### Exercise prompt
Make a verbatim copy of all the records. Skip every image.

### Data for analysis
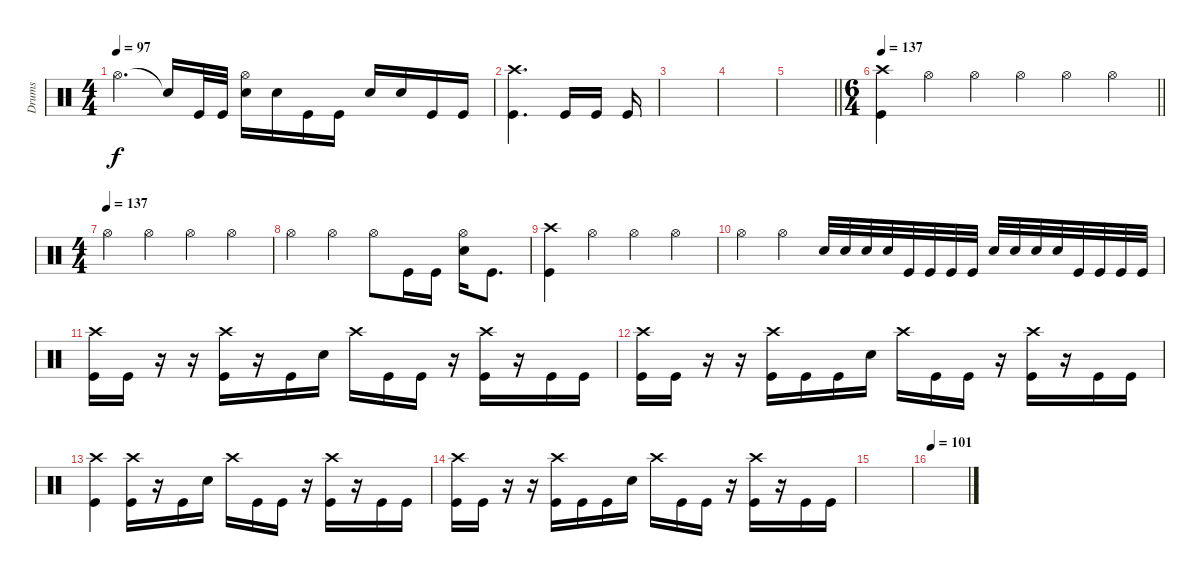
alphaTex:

\track ("Drums" "Drums") {instrument percussion}
\staff
\articulation defaults
\ts (4 4)
\tempo 97
\clef neutral
\ks c "Hi-Hat (open)".4{d dy f} "Snare (hit)"{t}.16 "Kick (hit)".32 "Kick (hit)".32
("Hi-Hat (open)" "Electric Snare (hit)").16 "Electric Snare (hit)".16 "Kick (hit)".16 "Kick (hit)".16 "Electric Snare (hit)".16 "Electric Snare (hit)".16 "Kick (hit)".16 "Kick (hit)".16 |
("Crash high (hit)" "Kick (hit)").4{d} "Kick (hit)".16 "Kick (hit)".16 "Kick (hit)".16 |
|
|
\barLineRight lightlight
|
\ts (6 4)
\tempo 137
\barLineRight lightlight
("Crash high (hit)" "Kick (hit)").4 "Hi-Hat (open)".4 "Hi-Hat (open)".4 "Hi-Hat (open)".4 "Hi-Hat (open)".4 "Hi-Hat (open)".4 |
\ts (4 4)
\section ("" "")
\tempo (137)
"Hi-Hat (open)".4 "Hi-Hat (open)".4 "Hi-Hat (open)".4 "Hi-Hat (open)".4 |
"Hi-Hat (open)".4 "Hi-Hat (open)".4 "Hi-Hat (open)".8 "Kick (hit)".16 "Kick (hit)".16 ("Hi-Hat (open)" "Electric Snare (hit)").16 "Kick (hit)".8{d} |
("Crash high (hit)" "Kick (hit)").4 "Hi-Hat (open)".4 "Hi-Hat (open)".4 "Hi-Hat (open)".4 |
"Hi-Hat (open)".4 "Hi-Hat (open)".4 "Electric Snare (hit)".32 "Electric Snare (hit)".32 "Electric Snare (hit)".32 "Electric Snare (hit)".32 "Kick (hit)".32 "Kick (hit)".32 "Kick (hit)".32 "Kick (hit)".32 "Electric Snare (hit)".32 "Electric Snare (hit)".32 "Electric Snare (hit)".32 "Electric Snare (hit)".32 "Kick (hit)".32 "Kick (hit)".32 "Kick (hit)".32 "Kick (hit)".32 |
("Crash high (hit)" "Kick (hit)").16 "Kick (hit)".16 r.16 r.16 ("Crash high (hit)" "Kick (hit)").16 r.16 "Kick (hit)".16 "Electric Snare (hit)".16 "Crash high (hit)".16 "Kick (hit)".16 "Kick (hit)".16 r.16 ("Crash high (hit)" "Kick (hit)").16 r.16 "Kick (hit)".16 "Kick (hit)".16 |
("Crash high (hit)" "Kick (hit)").16 "Kick (hit)".16 r.16 r.16 ("Crash high (hit)" "Kick (hit)").16 "Kick (hit)".16 "Kick (hit)".16 "Electric Snare (hit)".16 "Crash high (hit)".16 "Kick (hit)".16 "Kick (hit)".16 r.16 ("Crash high (hit)" "Kick (hit)").16 r.16 "Kick (hit)".16 "Kick (hit)".16 |
("Crash high (hit)" "Kick (hit)").4 ("Crash high (hit)" "Kick (hit)").16 r.16 "Kick (hit)".16 "Electric Snare (hit)".16 "Crash high (hit)".16 "Kick (hit)".16 "Kick (hit)".16 r.16 ("Crash high (hit)" "Kick (hit)").16 r.16 "Kick (hit)".16 "Kick (hit)".16 |
("Crash high (hit)" "Kick (hit)").16 "Kick (hit)".16 r.16 r.16 ("Crash high (hit)" "Kick (hit)").16 "Kick (hit)".16 "Kick (hit)".16 "Electric Snare (hit)".16 "Crash high (hit)".16 "Kick (hit)".16 "Kick (hit)".16 r.16 ("Crash high (hit)" "Kick (hit)").16 r.16 "Kick (hit)".16 "Kick (hit)".16 |
|
\tempo 101

### Answer area
alphaTex:

\track ("Drums" "Drums") {instrument percussion}
\staff
\articulation defaults
\ts (4 4)
\tempo 97
\clef neutral
\ks c "Hi-Hat (open)".4{d dy f} "Snare (hit)"{t}.16 "Kick (hit)".32 "Kick (hit)".32
("Hi-Hat (open)" "Electric Snare (hit)").16 "Electric Snare (hit)".16 "Kick (hit)".16 "Kick (hit)".16 "Electric Snare (hit)".16 "Electric Snare (hit)".16 "Kick (hit)".16 "Kick (hit)".16 |
("Crash high (hit)" "Kick (hit)").4{d} "Kick (hit)".16 "Kick (hit)".16 "Kick (hit)".16 |
|
|
\barLineRight lightlight
|
\ts (6 4)
\tempo 137
\barLineRight lightlight
("Crash high (hit)" "Kick (hit)").4 "Hi-Hat (open)".4 "Hi-Hat (open)".4 "Hi-Hat (open)".4 "Hi-Hat (open)".4 "Hi-Hat (open)".4 |
\ts (4 4)
\section ("" "")
\tempo (137)
"Hi-Hat (open)".4 "Hi-Hat (open)".4 "Hi-Hat (open)".4 "Hi-Hat (open)".4 |
"Hi-Hat (open)".4 "Hi-Hat (open)".4 "Hi-Hat (open)".8 "Kick (hit)".16 "Kick (hit)".16 ("Hi-Hat (open)" "Electric Snare (hit)").16 "Kick (hit)".8{d} |
("Crash high (hit)" "Kick (hit)").4 "Hi-Hat (open)".4 "Hi-Hat (open)".4 "Hi-Hat (open)".4 |
"Hi-Hat (open)".4 "Hi-Hat (open)".4 "Electric Snare (hit)".32 "Electric Snare (hit)".32 "Electric Snare (hit)".32 "Electric Snare (hit)".32 "Kick (hit)".32 "Kick (hit)".32 "Kick (hit)".32 "Kick (hit)".32 "Electric Snare (hit)".32 "Electric Snare (hit)".32 "Electric Snare (hit)".32 "Electric Snare (hit)".32 "Kick (hit)".32 "Kick (hit)".32 "Kick (hit)".32 "Kick (hit)".32 |
("Crash high (hit)" "Kick (hit)").16 "Kick (hit)".16 r.16 r.16 ("Crash high (hit)" "Kick (hit)").16 r.16 "Kick (hit)".16 "Electric Snare (hit)".16 "Crash high (hit)".16 "Kick (hit)".16 "Kick (hit)".16 r.16 ("Crash high (hit)" "Kick (hit)").16 r.16 "Kick (hit)".16 "Kick (hit)".16 |
("Crash high (hit)" "Kick (hit)").16 "Kick (hit)".16 r.16 r.16 ("Crash high (hit)" "Kick (hit)").16 "Kick (hit)".16 "Kick (hit)".16 "Electric Snare (hit)".16 "Crash high (hit)".16 "Kick (hit)".16 "Kick (hit)".16 r.16 ("Crash high (hit)" "Kick (hit)").16 r.16 "Kick (hit)".16 "Kick (hit)".16 |
("Crash high (hit)" "Kick (hit)").4 ("Crash high (hit)" "Kick (hit)").16 r.16 "Kick (hit)".16 "Electric Snare (hit)".16 "Crash high (hit)".16 "Kick (hit)".16 "Kick (hit)".16 r.16 ("Crash high (hit)" "Kick (hit)").16 r.16 "Kick (hit)".16 "Kick (hit)".16 |
("Crash high (hit)" "Kick (hit)").16 "Kick (hit)".16 r.16 r.16 ("Crash high (hit)" "Kick (hit)").16 "Kick (hit)".16 "Kick (hit)".16 "Electric Snare (hit)".16 "Crash high (hit)".16 "Kick (hit)".16 "Kick (hit)".16 r.16 ("Crash high (hit)" "Kick (hit)").16 r.16 "Kick (hit)".16 "Kick (hit)".16 |
|
\tempo 101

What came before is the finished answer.